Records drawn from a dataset
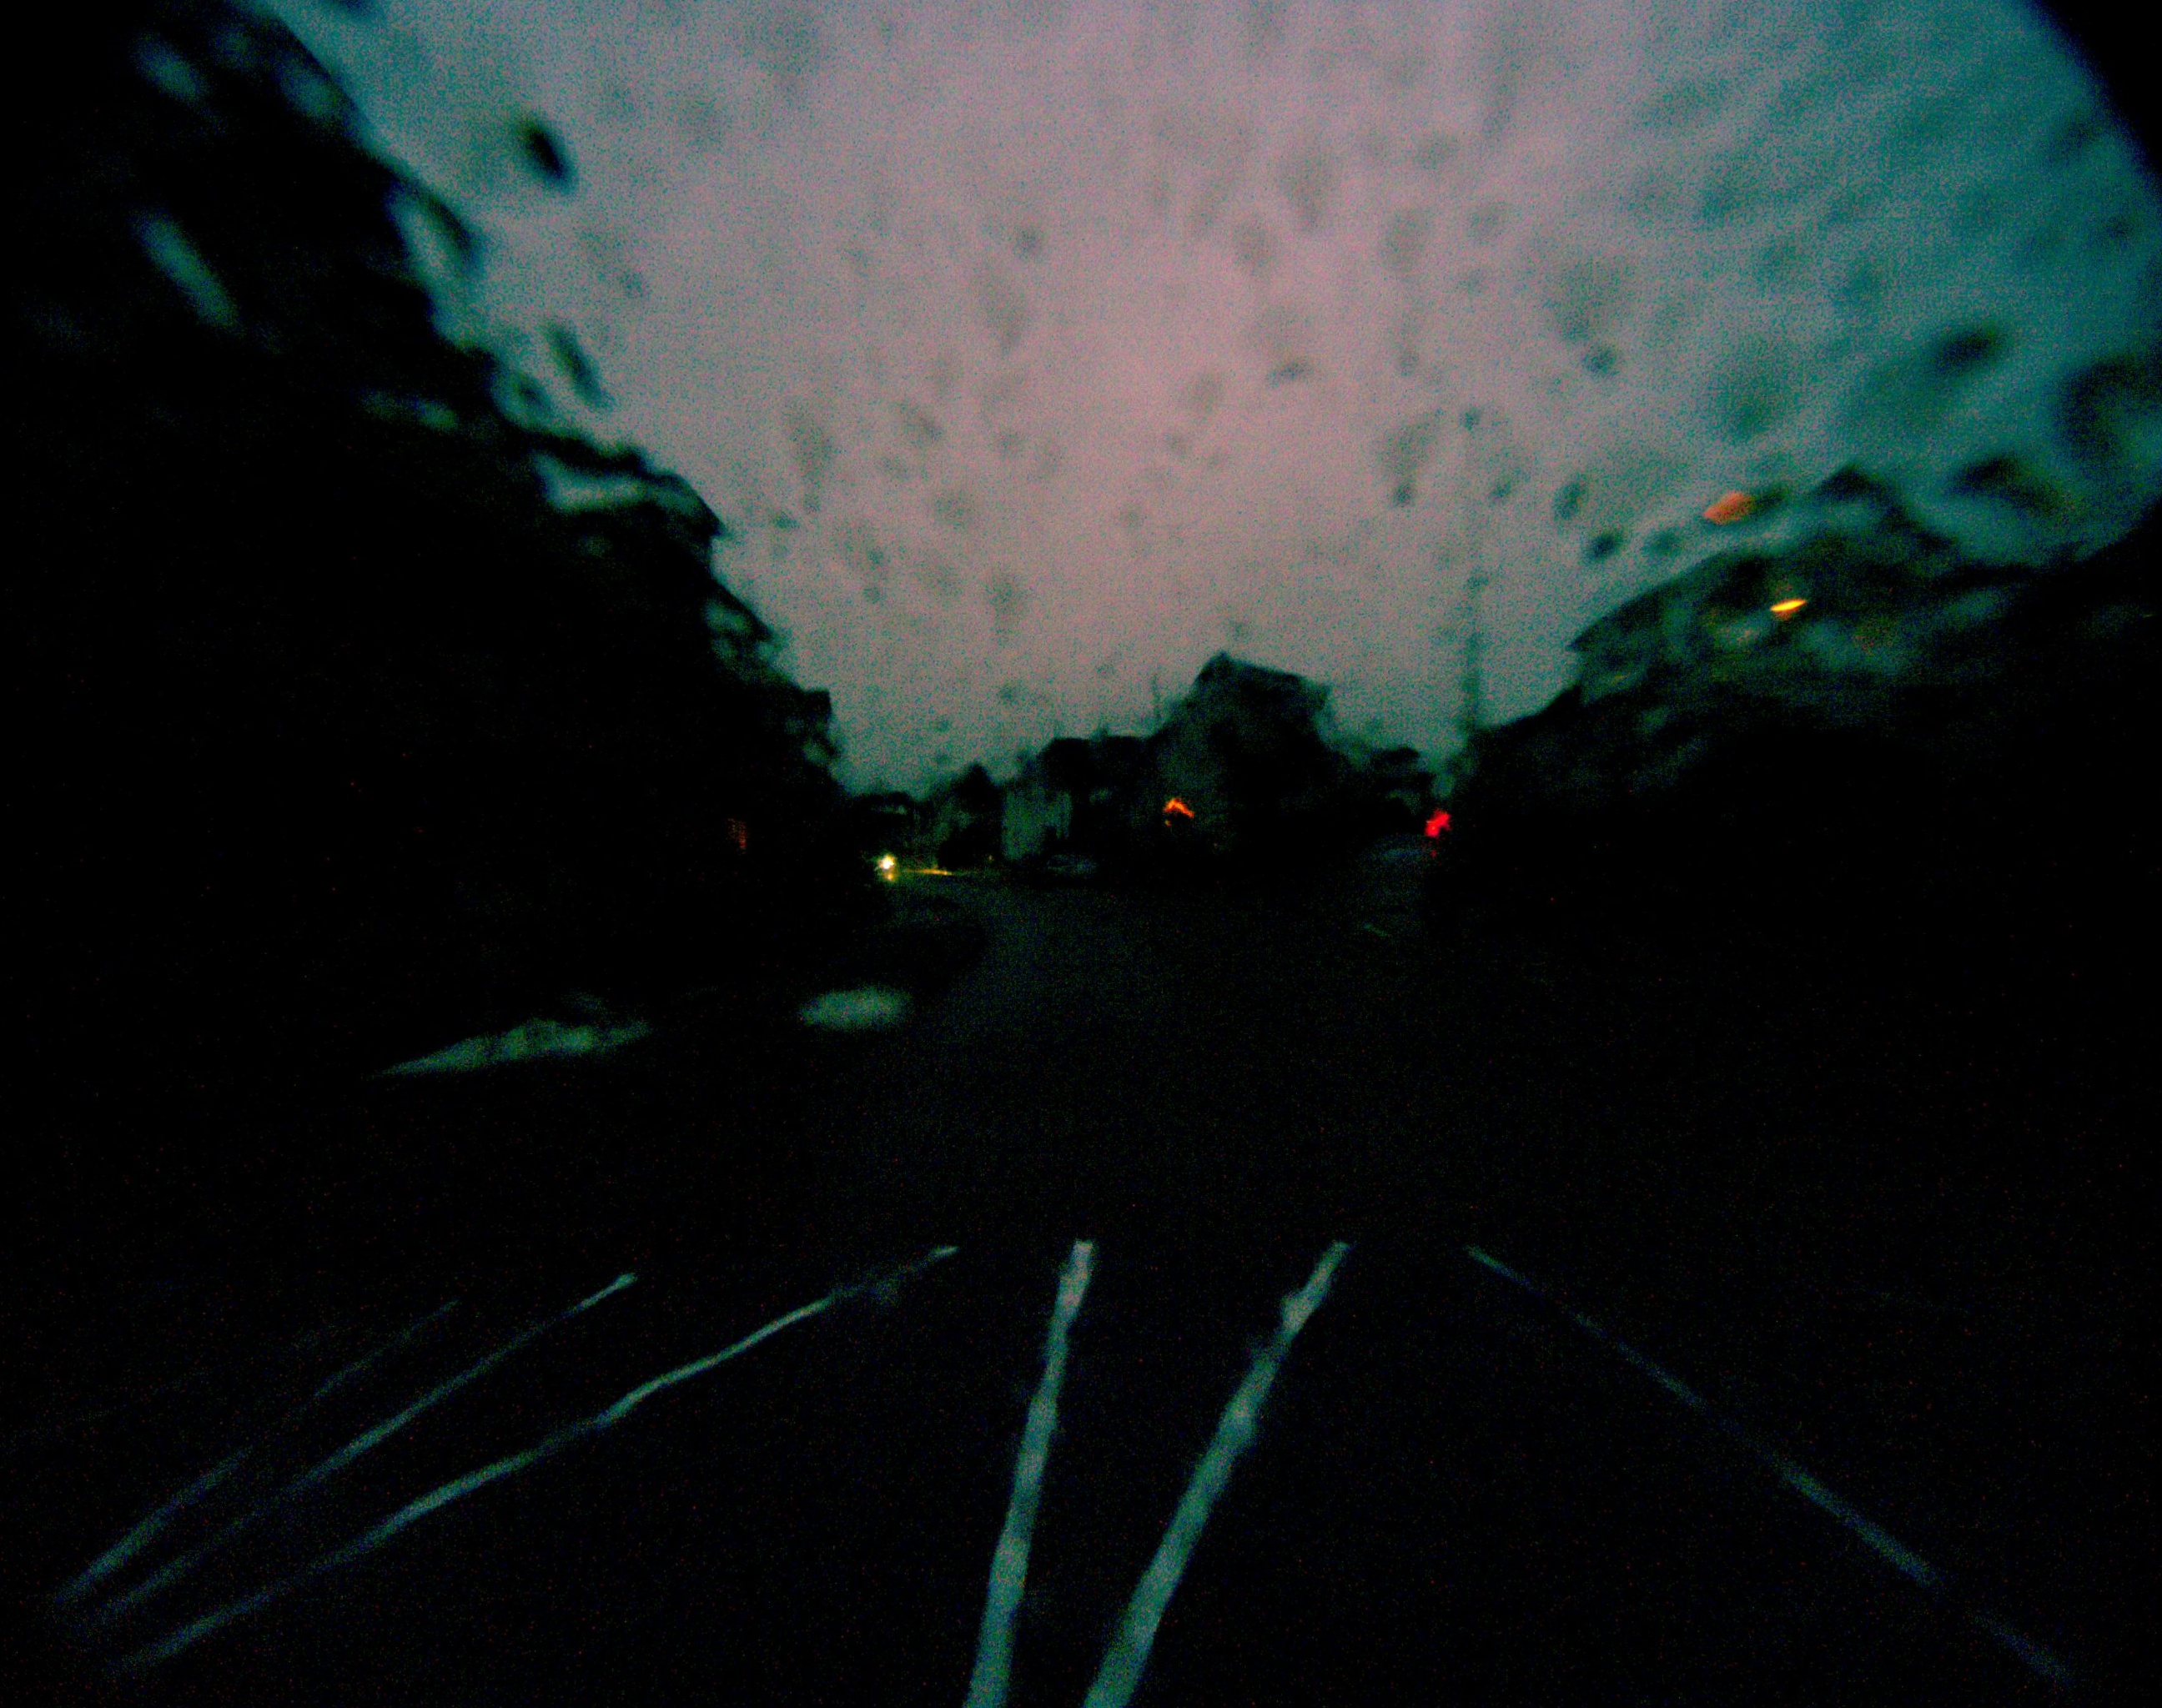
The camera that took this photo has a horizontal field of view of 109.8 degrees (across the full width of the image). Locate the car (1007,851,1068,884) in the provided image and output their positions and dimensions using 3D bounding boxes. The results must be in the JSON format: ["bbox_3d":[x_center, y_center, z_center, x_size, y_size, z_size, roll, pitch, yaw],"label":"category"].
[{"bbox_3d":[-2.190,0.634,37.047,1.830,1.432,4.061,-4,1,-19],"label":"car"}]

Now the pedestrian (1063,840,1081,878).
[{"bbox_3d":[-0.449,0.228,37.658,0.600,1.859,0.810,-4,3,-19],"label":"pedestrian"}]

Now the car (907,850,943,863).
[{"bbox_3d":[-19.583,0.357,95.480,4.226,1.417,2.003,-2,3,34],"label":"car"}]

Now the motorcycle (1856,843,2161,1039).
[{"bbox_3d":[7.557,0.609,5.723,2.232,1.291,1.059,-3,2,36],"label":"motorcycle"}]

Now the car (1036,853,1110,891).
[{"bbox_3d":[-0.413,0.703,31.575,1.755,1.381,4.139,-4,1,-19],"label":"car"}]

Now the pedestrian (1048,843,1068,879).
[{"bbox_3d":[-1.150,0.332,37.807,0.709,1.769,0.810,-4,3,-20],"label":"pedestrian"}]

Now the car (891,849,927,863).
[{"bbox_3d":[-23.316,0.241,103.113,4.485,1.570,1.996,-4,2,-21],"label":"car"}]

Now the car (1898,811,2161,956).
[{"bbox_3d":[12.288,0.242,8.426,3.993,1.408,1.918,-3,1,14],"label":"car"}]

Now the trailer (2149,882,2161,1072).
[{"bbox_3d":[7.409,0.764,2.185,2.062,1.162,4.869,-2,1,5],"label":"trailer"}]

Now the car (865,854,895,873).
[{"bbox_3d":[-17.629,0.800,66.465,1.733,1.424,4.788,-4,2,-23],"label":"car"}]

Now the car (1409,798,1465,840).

◆ **Problem to solve**: Copy out the preceding entries without a single change, leaving out the pictures.

◆ **Answer to this exercise**:
The camera that took this photo has a horizontal field of view of 109.8 degrees (across the full width of the image). Locate the car (1007,851,1068,884) in the provided image and output their positions and dimensions using 3D bounding boxes. The results must be in the JSON format: ["bbox_3d":[x_center, y_center, z_center, x_size, y_size, z_size, roll, pitch, yaw],"label":"category"].
[{"bbox_3d":[-2.190,0.634,37.047,1.830,1.432,4.061,-4,1,-19],"label":"car"}]

Now the pedestrian (1063,840,1081,878).
[{"bbox_3d":[-0.449,0.228,37.658,0.600,1.859,0.810,-4,3,-19],"label":"pedestrian"}]

Now the car (907,850,943,863).
[{"bbox_3d":[-19.583,0.357,95.480,4.226,1.417,2.003,-2,3,34],"label":"car"}]

Now the motorcycle (1856,843,2161,1039).
[{"bbox_3d":[7.557,0.609,5.723,2.232,1.291,1.059,-3,2,36],"label":"motorcycle"}]

Now the car (1036,853,1110,891).
[{"bbox_3d":[-0.413,0.703,31.575,1.755,1.381,4.139,-4,1,-19],"label":"car"}]

Now the pedestrian (1048,843,1068,879).
[{"bbox_3d":[-1.150,0.332,37.807,0.709,1.769,0.810,-4,3,-20],"label":"pedestrian"}]

Now the car (891,849,927,863).
[{"bbox_3d":[-23.316,0.241,103.113,4.485,1.570,1.996,-4,2,-21],"label":"car"}]

Now the car (1898,811,2161,956).
[{"bbox_3d":[12.288,0.242,8.426,3.993,1.408,1.918,-3,1,14],"label":"car"}]

Now the trailer (2149,882,2161,1072).
[{"bbox_3d":[7.409,0.764,2.185,2.062,1.162,4.869,-2,1,5],"label":"trailer"}]

Now the car (865,854,895,873).
[{"bbox_3d":[-17.629,0.800,66.465,1.733,1.424,4.788,-4,2,-23],"label":"car"}]

Now the car (1409,798,1465,840).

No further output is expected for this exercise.